◆ Source data ◆
┄┄┄┄┄┄┄┄┄┄┄┄┄┄┄┄┄┄┄┄

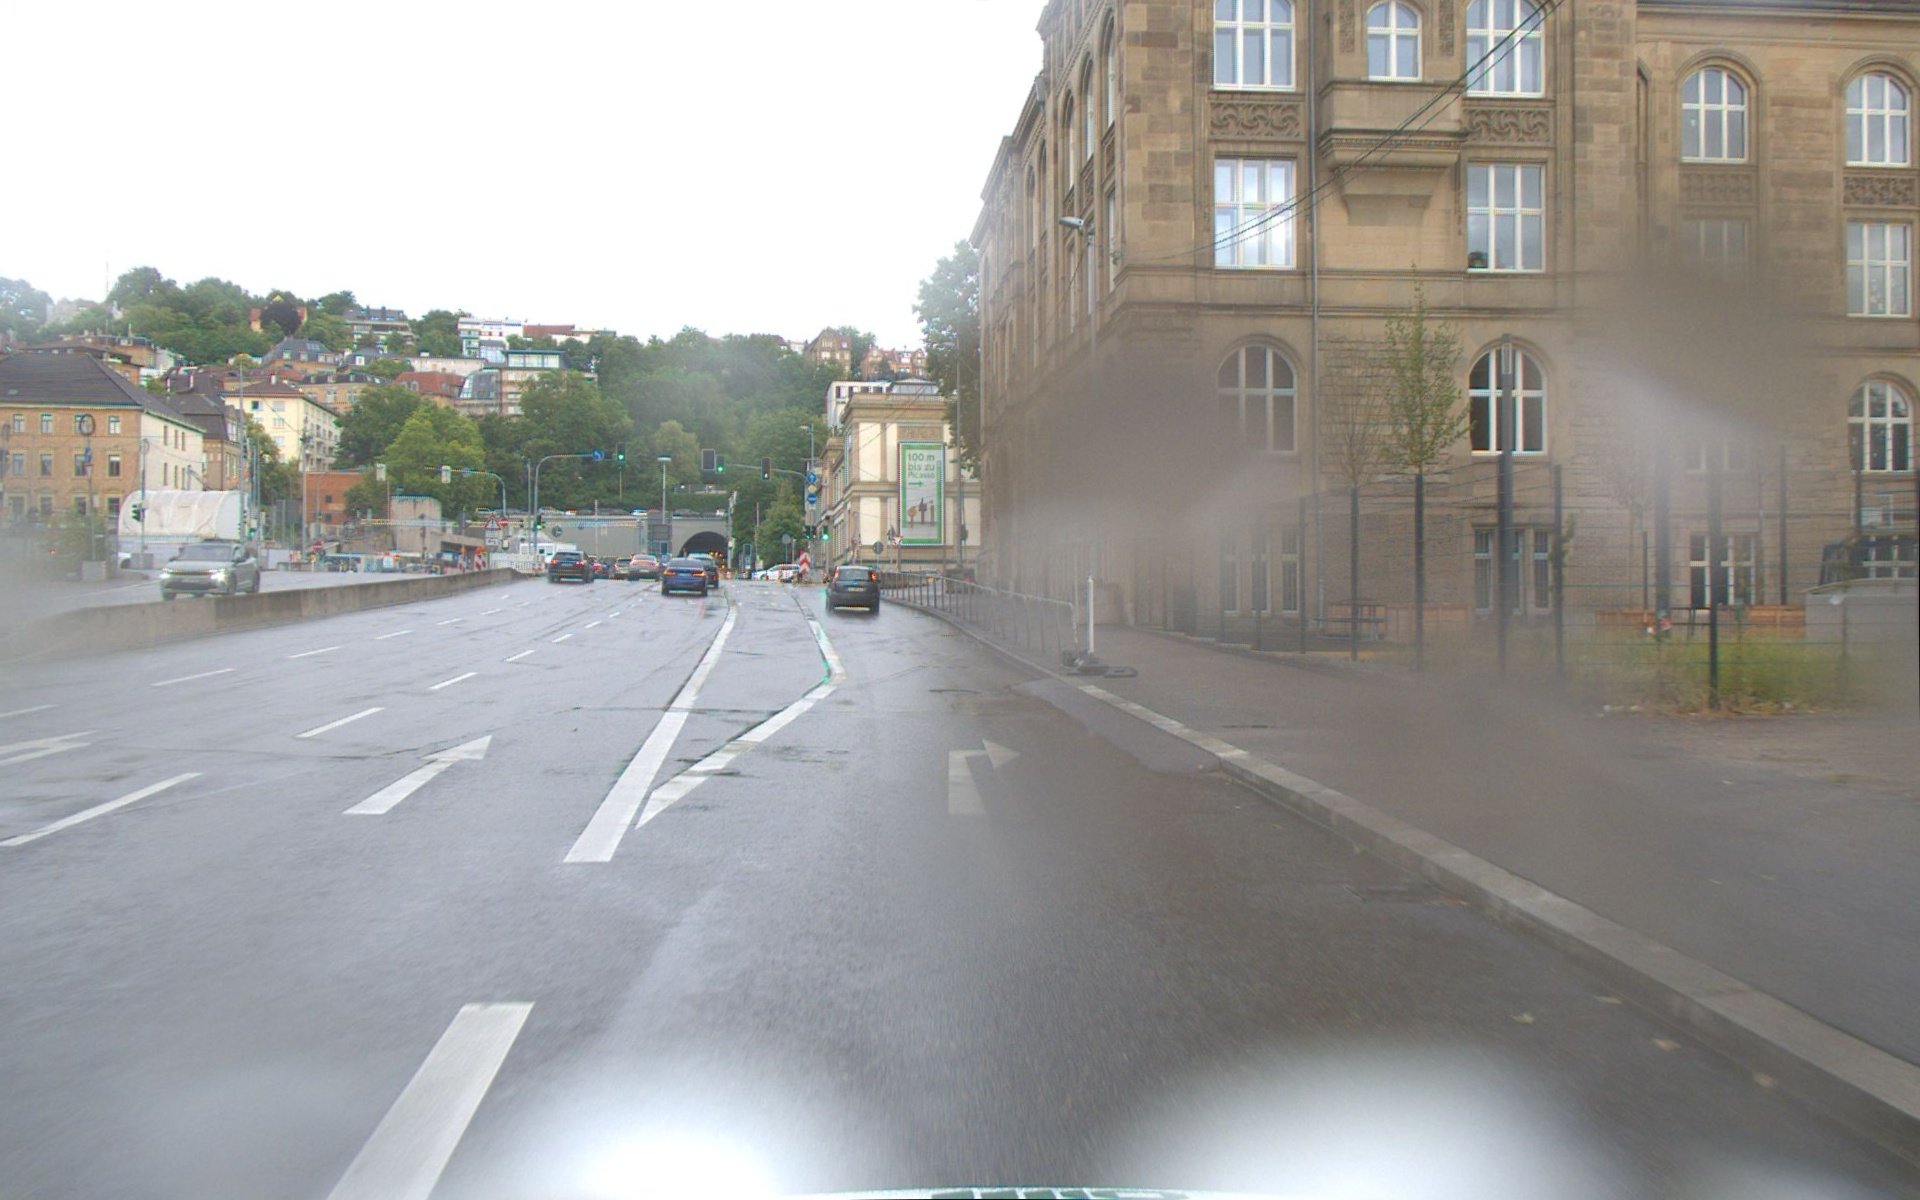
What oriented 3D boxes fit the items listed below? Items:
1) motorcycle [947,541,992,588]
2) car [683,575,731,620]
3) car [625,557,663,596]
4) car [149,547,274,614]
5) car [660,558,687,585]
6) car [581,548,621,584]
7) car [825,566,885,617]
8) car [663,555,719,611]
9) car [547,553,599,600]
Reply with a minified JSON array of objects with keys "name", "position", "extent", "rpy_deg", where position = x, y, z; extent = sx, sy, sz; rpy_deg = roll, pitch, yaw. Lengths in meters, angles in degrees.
[{"name":"motorcycle","position":[0.401,-1.626,74.536],"extent":[1.760,2.048,3.810],"rpy_deg":[0,1,-4]},{"name":"car","position":[-12.037,-0.072,78.885],"extent":[1.740,2.049,3.998],"rpy_deg":[-1,-1,-2]},{"name":"car","position":[-17.816,-1.288,93.196],"extent":[2.015,2.049,3.988],"rpy_deg":[-1,-1,-12]},{"name":"car","position":[-21.881,-0.523,48.571],"extent":[1.957,1.786,5.287],"rpy_deg":[-1,-1,-9]},{"name":"car","position":[-22.548,-2.225,130.028],"extent":[1.958,2.049,3.989],"rpy_deg":[-1,0,-11]},{"name":"car","position":[-22.519,-2.124,103.856],"extent":[1.955,2.049,3.995],"rpy_deg":[-1,-1,-5]},{"name":"car","position":[-3.437,-0.251,53.522],"extent":[1.777,1.553,3.995],"rpy_deg":[-1,-1,-6]},{"name":"car","position":[-10.733,-0.639,66.149],"extent":[2.065,2.086,3.992],"rpy_deg":[-1,-1,-8]},{"name":"car","position":[-18.227,-1.096,78.100],"extent":[1.979,2.049,3.992],"rpy_deg":[-1,-1,-8]}]

┄┄┄┄┄┄┄┄┄┄┄┄┄┄┄┄┄┄┄┄

◆ EXERCISE BRIEF ◆
What is needed here is an exact copy of every record, with the pictures left out.

◆ SOLUTION TO THE EXERCISE ◆
What oriented 3D boxes fit the items listed below? Items:
1) motorcycle [947,541,992,588]
2) car [683,575,731,620]
3) car [625,557,663,596]
4) car [149,547,274,614]
5) car [660,558,687,585]
6) car [581,548,621,584]
7) car [825,566,885,617]
8) car [663,555,719,611]
9) car [547,553,599,600]
Reply with a minified JSON array of objects with keys "name", "position", "extent", "rpy_deg", where position = x, y, z; extent = sx, sy, sz; rpy_deg = roll, pitch, yaw. Lengths in meters, angles in degrees.
[{"name":"motorcycle","position":[0.401,-1.626,74.536],"extent":[1.760,2.048,3.810],"rpy_deg":[0,1,-4]},{"name":"car","position":[-12.037,-0.072,78.885],"extent":[1.740,2.049,3.998],"rpy_deg":[-1,-1,-2]},{"name":"car","position":[-17.816,-1.288,93.196],"extent":[2.015,2.049,3.988],"rpy_deg":[-1,-1,-12]},{"name":"car","position":[-21.881,-0.523,48.571],"extent":[1.957,1.786,5.287],"rpy_deg":[-1,-1,-9]},{"name":"car","position":[-22.548,-2.225,130.028],"extent":[1.958,2.049,3.989],"rpy_deg":[-1,0,-11]},{"name":"car","position":[-22.519,-2.124,103.856],"extent":[1.955,2.049,3.995],"rpy_deg":[-1,-1,-5]},{"name":"car","position":[-3.437,-0.251,53.522],"extent":[1.777,1.553,3.995],"rpy_deg":[-1,-1,-6]},{"name":"car","position":[-10.733,-0.639,66.149],"extent":[2.065,2.086,3.992],"rpy_deg":[-1,-1,-8]},{"name":"car","position":[-18.227,-1.096,78.100],"extent":[1.979,2.049,3.992],"rpy_deg":[-1,-1,-8]}]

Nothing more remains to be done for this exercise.